◆ Your goal
The response should be an exact copy of every record.

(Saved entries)
------------------------------------

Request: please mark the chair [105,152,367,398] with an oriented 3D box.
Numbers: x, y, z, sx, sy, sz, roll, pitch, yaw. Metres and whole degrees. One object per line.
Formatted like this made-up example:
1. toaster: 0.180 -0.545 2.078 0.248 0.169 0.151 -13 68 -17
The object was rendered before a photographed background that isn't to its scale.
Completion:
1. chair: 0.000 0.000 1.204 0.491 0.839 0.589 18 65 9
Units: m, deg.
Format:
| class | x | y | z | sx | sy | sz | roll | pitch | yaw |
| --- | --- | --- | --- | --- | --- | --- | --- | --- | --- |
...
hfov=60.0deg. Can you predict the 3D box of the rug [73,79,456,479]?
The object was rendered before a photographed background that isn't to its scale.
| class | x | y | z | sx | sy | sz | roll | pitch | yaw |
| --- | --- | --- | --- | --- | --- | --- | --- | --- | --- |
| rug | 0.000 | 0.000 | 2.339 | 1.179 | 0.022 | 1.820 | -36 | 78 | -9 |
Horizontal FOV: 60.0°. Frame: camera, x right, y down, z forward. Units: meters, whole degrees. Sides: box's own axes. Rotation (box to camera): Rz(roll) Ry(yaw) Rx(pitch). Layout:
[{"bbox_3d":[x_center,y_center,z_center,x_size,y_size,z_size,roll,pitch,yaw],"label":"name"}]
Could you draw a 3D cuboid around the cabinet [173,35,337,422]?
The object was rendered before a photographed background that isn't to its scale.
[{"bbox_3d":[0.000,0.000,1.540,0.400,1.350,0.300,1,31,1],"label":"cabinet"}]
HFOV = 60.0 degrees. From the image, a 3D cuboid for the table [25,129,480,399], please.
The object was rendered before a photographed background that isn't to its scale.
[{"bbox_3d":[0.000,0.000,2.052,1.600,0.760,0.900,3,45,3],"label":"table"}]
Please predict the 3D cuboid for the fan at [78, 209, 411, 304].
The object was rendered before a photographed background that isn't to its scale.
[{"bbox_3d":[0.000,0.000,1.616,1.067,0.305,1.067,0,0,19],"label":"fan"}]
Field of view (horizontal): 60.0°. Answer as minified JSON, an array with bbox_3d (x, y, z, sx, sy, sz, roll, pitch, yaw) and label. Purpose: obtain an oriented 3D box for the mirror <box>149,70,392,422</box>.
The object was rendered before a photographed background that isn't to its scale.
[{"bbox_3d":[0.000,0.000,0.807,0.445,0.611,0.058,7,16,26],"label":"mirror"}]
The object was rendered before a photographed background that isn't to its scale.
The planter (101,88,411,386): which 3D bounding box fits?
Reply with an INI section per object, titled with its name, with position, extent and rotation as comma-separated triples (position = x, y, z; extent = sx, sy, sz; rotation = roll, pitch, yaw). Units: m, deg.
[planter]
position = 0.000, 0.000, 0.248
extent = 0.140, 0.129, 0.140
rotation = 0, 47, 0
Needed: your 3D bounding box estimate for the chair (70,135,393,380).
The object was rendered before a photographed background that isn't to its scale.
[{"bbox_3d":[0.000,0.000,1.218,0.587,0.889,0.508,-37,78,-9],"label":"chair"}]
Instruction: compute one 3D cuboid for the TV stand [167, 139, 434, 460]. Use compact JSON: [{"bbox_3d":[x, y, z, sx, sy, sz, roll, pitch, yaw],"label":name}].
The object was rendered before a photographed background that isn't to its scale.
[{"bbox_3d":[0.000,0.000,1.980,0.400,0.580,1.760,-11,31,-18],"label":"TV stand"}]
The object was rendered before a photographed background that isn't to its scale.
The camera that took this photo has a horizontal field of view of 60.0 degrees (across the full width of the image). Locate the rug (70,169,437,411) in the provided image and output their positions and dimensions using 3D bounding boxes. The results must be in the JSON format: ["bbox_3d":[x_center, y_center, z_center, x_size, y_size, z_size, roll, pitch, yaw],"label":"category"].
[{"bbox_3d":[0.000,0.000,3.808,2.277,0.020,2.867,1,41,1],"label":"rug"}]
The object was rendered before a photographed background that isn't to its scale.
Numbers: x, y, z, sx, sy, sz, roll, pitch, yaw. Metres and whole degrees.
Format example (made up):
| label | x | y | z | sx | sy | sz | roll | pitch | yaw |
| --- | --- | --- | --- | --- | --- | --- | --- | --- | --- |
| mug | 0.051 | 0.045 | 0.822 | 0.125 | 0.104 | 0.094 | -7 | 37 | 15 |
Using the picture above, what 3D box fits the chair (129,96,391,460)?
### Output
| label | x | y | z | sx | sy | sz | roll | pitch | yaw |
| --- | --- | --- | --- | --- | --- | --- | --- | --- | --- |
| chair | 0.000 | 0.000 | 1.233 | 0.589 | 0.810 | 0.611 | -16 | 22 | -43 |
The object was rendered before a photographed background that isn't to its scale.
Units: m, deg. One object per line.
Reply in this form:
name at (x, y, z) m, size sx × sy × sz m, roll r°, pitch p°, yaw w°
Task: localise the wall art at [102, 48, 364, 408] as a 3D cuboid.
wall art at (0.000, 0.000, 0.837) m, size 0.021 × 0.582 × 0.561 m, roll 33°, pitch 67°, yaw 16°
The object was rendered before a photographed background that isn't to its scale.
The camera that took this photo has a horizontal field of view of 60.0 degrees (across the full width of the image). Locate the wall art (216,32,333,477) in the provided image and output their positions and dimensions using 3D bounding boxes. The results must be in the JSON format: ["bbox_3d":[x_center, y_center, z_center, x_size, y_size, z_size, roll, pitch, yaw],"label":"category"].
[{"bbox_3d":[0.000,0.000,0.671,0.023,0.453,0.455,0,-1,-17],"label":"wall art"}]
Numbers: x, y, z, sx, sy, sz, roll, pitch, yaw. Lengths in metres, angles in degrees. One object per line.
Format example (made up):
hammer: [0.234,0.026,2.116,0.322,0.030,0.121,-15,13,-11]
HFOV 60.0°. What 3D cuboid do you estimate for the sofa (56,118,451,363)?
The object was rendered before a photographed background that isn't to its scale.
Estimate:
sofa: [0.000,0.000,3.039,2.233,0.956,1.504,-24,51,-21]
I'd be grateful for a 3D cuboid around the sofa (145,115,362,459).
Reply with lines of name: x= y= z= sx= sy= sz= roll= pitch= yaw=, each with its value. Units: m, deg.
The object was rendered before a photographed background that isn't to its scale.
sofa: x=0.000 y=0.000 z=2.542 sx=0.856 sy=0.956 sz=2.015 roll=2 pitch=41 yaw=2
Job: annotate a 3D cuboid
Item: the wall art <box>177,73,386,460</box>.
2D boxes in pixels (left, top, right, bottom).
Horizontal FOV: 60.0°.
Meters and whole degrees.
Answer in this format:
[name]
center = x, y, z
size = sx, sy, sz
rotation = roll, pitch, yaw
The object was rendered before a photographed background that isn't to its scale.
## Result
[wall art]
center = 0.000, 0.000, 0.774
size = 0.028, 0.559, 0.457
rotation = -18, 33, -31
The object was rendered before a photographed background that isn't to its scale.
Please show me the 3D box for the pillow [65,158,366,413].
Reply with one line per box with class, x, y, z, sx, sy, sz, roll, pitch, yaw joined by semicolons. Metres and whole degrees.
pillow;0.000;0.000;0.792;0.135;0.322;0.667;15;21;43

------------------------------------

◆ Output for this exercise
Request: please mark the chair [105,152,367,398] with an oriented 3D box.
Numbers: x, y, z, sx, sy, sz, roll, pitch, yaw. Metres and whole degrees. One object per line.
Formatted like this made-up example:
1. toaster: 0.180 -0.545 2.078 0.248 0.169 0.151 -13 68 -17
The object was rendered before a photographed background that isn't to its scale.
Completion:
1. chair: 0.000 0.000 1.204 0.491 0.839 0.589 18 65 9
Units: m, deg.
Format:
| class | x | y | z | sx | sy | sz | roll | pitch | yaw |
| --- | --- | --- | --- | --- | --- | --- | --- | --- | --- |
...
hfov=60.0deg. Can you predict the 3D box of the rug [73,79,456,479]?
The object was rendered before a photographed background that isn't to its scale.
| class | x | y | z | sx | sy | sz | roll | pitch | yaw |
| --- | --- | --- | --- | --- | --- | --- | --- | --- | --- |
| rug | 0.000 | 0.000 | 2.339 | 1.179 | 0.022 | 1.820 | -36 | 78 | -9 |
Horizontal FOV: 60.0°. Frame: camera, x right, y down, z forward. Units: meters, whole degrees. Sides: box's own axes. Rotation (box to camera): Rz(roll) Ry(yaw) Rx(pitch). Layout:
[{"bbox_3d":[x_center,y_center,z_center,x_size,y_size,z_size,roll,pitch,yaw],"label":"name"}]
Could you draw a 3D cuboid around the cabinet [173,35,337,422]?
The object was rendered before a photographed background that isn't to its scale.
[{"bbox_3d":[0.000,0.000,1.540,0.400,1.350,0.300,1,31,1],"label":"cabinet"}]
HFOV = 60.0 degrees. From the image, a 3D cuboid for the table [25,129,480,399], please.
The object was rendered before a photographed background that isn't to its scale.
[{"bbox_3d":[0.000,0.000,2.052,1.600,0.760,0.900,3,45,3],"label":"table"}]
Please predict the 3D cuboid for the fan at [78, 209, 411, 304].
The object was rendered before a photographed background that isn't to its scale.
[{"bbox_3d":[0.000,0.000,1.616,1.067,0.305,1.067,0,0,19],"label":"fan"}]
Field of view (horizontal): 60.0°. Answer as minified JSON, an array with bbox_3d (x, y, z, sx, sy, sz, roll, pitch, yaw) and label. Purpose: obtain an oriented 3D box for the mirror <box>149,70,392,422</box>.
The object was rendered before a photographed background that isn't to its scale.
[{"bbox_3d":[0.000,0.000,0.807,0.445,0.611,0.058,7,16,26],"label":"mirror"}]
The object was rendered before a photographed background that isn't to its scale.
The planter (101,88,411,386): which 3D bounding box fits?
Reply with an INI section per object, titled with its name, with position, extent and rotation as comma-separated triples (position = x, y, z; extent = sx, sy, sz; rotation = roll, pitch, yaw). Units: m, deg.
[planter]
position = 0.000, 0.000, 0.248
extent = 0.140, 0.129, 0.140
rotation = 0, 47, 0
Needed: your 3D bounding box estimate for the chair (70,135,393,380).
The object was rendered before a photographed background that isn't to its scale.
[{"bbox_3d":[0.000,0.000,1.218,0.587,0.889,0.508,-37,78,-9],"label":"chair"}]
Instruction: compute one 3D cuboid for the TV stand [167, 139, 434, 460]. Use compact JSON: [{"bbox_3d":[x, y, z, sx, sy, sz, roll, pitch, yaw],"label":name}].
The object was rendered before a photographed background that isn't to its scale.
[{"bbox_3d":[0.000,0.000,1.980,0.400,0.580,1.760,-11,31,-18],"label":"TV stand"}]
The object was rendered before a photographed background that isn't to its scale.
The camera that took this photo has a horizontal field of view of 60.0 degrees (across the full width of the image). Locate the rug (70,169,437,411) in the provided image and output their positions and dimensions using 3D bounding boxes. The results must be in the JSON format: ["bbox_3d":[x_center, y_center, z_center, x_size, y_size, z_size, roll, pitch, yaw],"label":"category"].
[{"bbox_3d":[0.000,0.000,3.808,2.277,0.020,2.867,1,41,1],"label":"rug"}]
The object was rendered before a photographed background that isn't to its scale.
Numbers: x, y, z, sx, sy, sz, roll, pitch, yaw. Metres and whole degrees.
Format example (made up):
| label | x | y | z | sx | sy | sz | roll | pitch | yaw |
| --- | --- | --- | --- | --- | --- | --- | --- | --- | --- |
| mug | 0.051 | 0.045 | 0.822 | 0.125 | 0.104 | 0.094 | -7 | 37 | 15 |
Using the picture above, what 3D box fits the chair (129,96,391,460)?
### Output
| label | x | y | z | sx | sy | sz | roll | pitch | yaw |
| --- | --- | --- | --- | --- | --- | --- | --- | --- | --- |
| chair | 0.000 | 0.000 | 1.233 | 0.589 | 0.810 | 0.611 | -16 | 22 | -43 |
The object was rendered before a photographed background that isn't to its scale.
Units: m, deg. One object per line.
Reply in this form:
name at (x, y, z) m, size sx × sy × sz m, roll r°, pitch p°, yaw w°
Task: localise the wall art at [102, 48, 364, 408] as a 3D cuboid.
wall art at (0.000, 0.000, 0.837) m, size 0.021 × 0.582 × 0.561 m, roll 33°, pitch 67°, yaw 16°
The object was rendered before a photographed background that isn't to its scale.
The camera that took this photo has a horizontal field of view of 60.0 degrees (across the full width of the image). Locate the wall art (216,32,333,477) in the provided image and output their positions and dimensions using 3D bounding boxes. The results must be in the JSON format: ["bbox_3d":[x_center, y_center, z_center, x_size, y_size, z_size, roll, pitch, yaw],"label":"category"].
[{"bbox_3d":[0.000,0.000,0.671,0.023,0.453,0.455,0,-1,-17],"label":"wall art"}]
Numbers: x, y, z, sx, sy, sz, roll, pitch, yaw. Lengths in metres, angles in degrees. One object per line.
Format example (made up):
hammer: [0.234,0.026,2.116,0.322,0.030,0.121,-15,13,-11]
HFOV 60.0°. What 3D cuboid do you estimate for the sofa (56,118,451,363)?
The object was rendered before a photographed background that isn't to its scale.
Estimate:
sofa: [0.000,0.000,3.039,2.233,0.956,1.504,-24,51,-21]
I'd be grateful for a 3D cuboid around the sofa (145,115,362,459).
Reply with lines of name: x= y= z= sx= sy= sz= roll= pitch= yaw=, each with its value. Units: m, deg.
The object was rendered before a photographed background that isn't to its scale.
sofa: x=0.000 y=0.000 z=2.542 sx=0.856 sy=0.956 sz=2.015 roll=2 pitch=41 yaw=2
Job: annotate a 3D cuboid
Item: the wall art <box>177,73,386,460</box>.
2D boxes in pixels (left, top, right, bottom).
Horizontal FOV: 60.0°.
Meters and whole degrees.
Answer in this format:
[name]
center = x, y, z
size = sx, sy, sz
rotation = roll, pitch, yaw
The object was rendered before a photographed background that isn't to its scale.
## Result
[wall art]
center = 0.000, 0.000, 0.774
size = 0.028, 0.559, 0.457
rotation = -18, 33, -31
The object was rendered before a photographed background that isn't to its scale.
Please show me the 3D box for the pillow [65,158,366,413].
Reply with one line per box with class, x, y, z, sx, sy, sz, roll, pitch, yaw joined by semicolons. Metres and whole degrees.
pillow;0.000;0.000;0.792;0.135;0.322;0.667;15;21;43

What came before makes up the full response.